Shell script analysis of accesslog
- View tcp connections on port 80
netstat -tan | grep "ESTABLISHED" | grep ":80" | wc -l
- The IP address with the most connections in the current WEB Server:
netstat -ntu |awk '{print $5}' |sort | uniq -c| sort -n -r231 ::ffff:127.0.0.1:809523 ::ffff:192.168.50.201:54322 ::ffff:192.168.50.203:801 servers)1 ::ffff:192.168.50.56:433141 ::ffff:192.168.50.21:29961 ::ffff:192.168.50.21:29891 ::ffff:192.168.50.200:80601 ::ffff:192.168.50.12:13001 ::ffff:192.168.50.12:12991 ::ffff:192.168.50.12:12981 ::ffff:127.0.0.1:579331 Address1 192.168.50.41:653101 192.168.50.41:649491 192.168.50.41:49653
- View the top 10 IP addresses with the most visits in the log
cat access_log |cut -d ' ' -f 1 |sort |uniq -c | sort -nr | awk '{print $0 }' | head -n 10 |less14085 121.207.252.12213753 218.66.36.11911069 220.162.237.61188 59.63.158.1181025 ::1728 220.231.141.28655 114.80.126.139397 117.25.55.100374 222.76.112.211348 120.6.214.70
- View more than 100 IP addresses in the log
cat access_log |cut -d ' ' -f 1 |sort |uniq -c | awk '{if ($1 > 100) print $0}'|sort -nr |less14085 121.207.252.12213753 218.66.36.11911069 220.162.237.61188 59.63.158.1181025 ::1728 220.231.141.28655 114.80.126.139397 117.25.55.100374 222.76.112.211348 120.6.214.70252 58.211.82.150252 159.226.126.21206 121.204.57.94192 59.61.111.58186 218.85.73.40145 221.231.139.30134 121.14.148.220123 222.246.128.220122 61.147.123.46119 121.204.105.58107 116.9.75.237105 118.123.5.173.....

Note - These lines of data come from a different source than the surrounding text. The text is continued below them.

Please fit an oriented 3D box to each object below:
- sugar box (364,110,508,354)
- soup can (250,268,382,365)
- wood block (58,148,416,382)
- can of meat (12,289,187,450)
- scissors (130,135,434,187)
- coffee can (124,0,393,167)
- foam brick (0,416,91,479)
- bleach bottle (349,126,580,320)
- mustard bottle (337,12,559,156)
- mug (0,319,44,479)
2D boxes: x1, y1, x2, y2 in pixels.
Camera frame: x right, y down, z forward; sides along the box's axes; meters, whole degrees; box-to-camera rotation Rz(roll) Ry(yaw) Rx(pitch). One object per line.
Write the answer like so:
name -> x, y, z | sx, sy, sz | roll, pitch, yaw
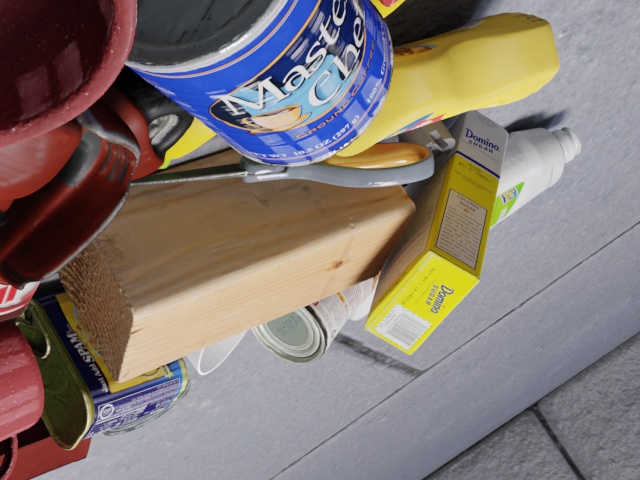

- View the traffic volume of a day
cat access_log|grep '12/Nov/2012'|grep "******.htm"|wc|awk '{print $1}'|uniq
- View the url list with access time exceeding 30 ms
cat access_log|awk ‘($NF > 30){print $7}’|sort -n|uniq -c|sort -nr|head -20
- List URLs whose response time exceeds 60 MB and count the number of occurrences
cat access_log |awk ‘($NF > 60 && $7~/\.php/){print $7}’|sort -n|uniq -c|sort -nr|head -100
- Statistics/index. [html] Page access uv
grep "/index.html" access.log | cut –d “ ” –f 4| sort | uniq | wc –l
grep "/index.html" access.log | wc -l
Definition of ip, uv, and pv
- IP (independent IP): Internet Protocol, which refers to the number of independent IP addresses. The same IP address is calculated only once between and.
- PV (access volume): Page View, that is, Page views or clicks. Each refresh is calculated once.
- UV (Independent Visitor): Unique Visitor. A computer client that accesses your website is a Visitor. The same client is calculated only once between and.
Differences between ip, pv, and uv
- IP (independent IP address): the number of times that a computer with a certain IP address accesses the website. This statistical method is easy to implement and has authenticity. Therefore, it is an important indicator to measure website traffic.
- PV (Traffic Volume): PV reflects the number of pages browsing a website. Therefore, each refresh is counted once. That is to say, PV is proportional to the number of visitors, but PV is not the number of visitors to the page, but the number of pages accessed by the website.
- UV (Independent Visitor): it can be understood as the number of computers accessing a website. Website cookies are used to determine the identity of a visitor's computer. If you change the IP address but do not clear cookies and then access the same website, the UV count of the website remains unchanged.
For example:
- A user from a computer using ADSL visited the "goto52" website, and each of them browsed two pages. The website traffic statistics are as follows:
- IP (independent IP): 1
- PV (Traffic): 6 (3 people multiplied by 2 pages)
- UV (Independent Visitor): 1
- If the IP addresses of all three are changed (ADSL re-dial) and two pages are browsed
- IP (independent IP): 3
- PV (Traffic): 6
- UV (Independent Visitor): 1
- Therefore, IP addresses (independent IP addresses) reflect the number of network address objects, and UV (Independent Visitor) reflects the actual number of users, each UV corresponds to an actual viewer more accurately than each ip address.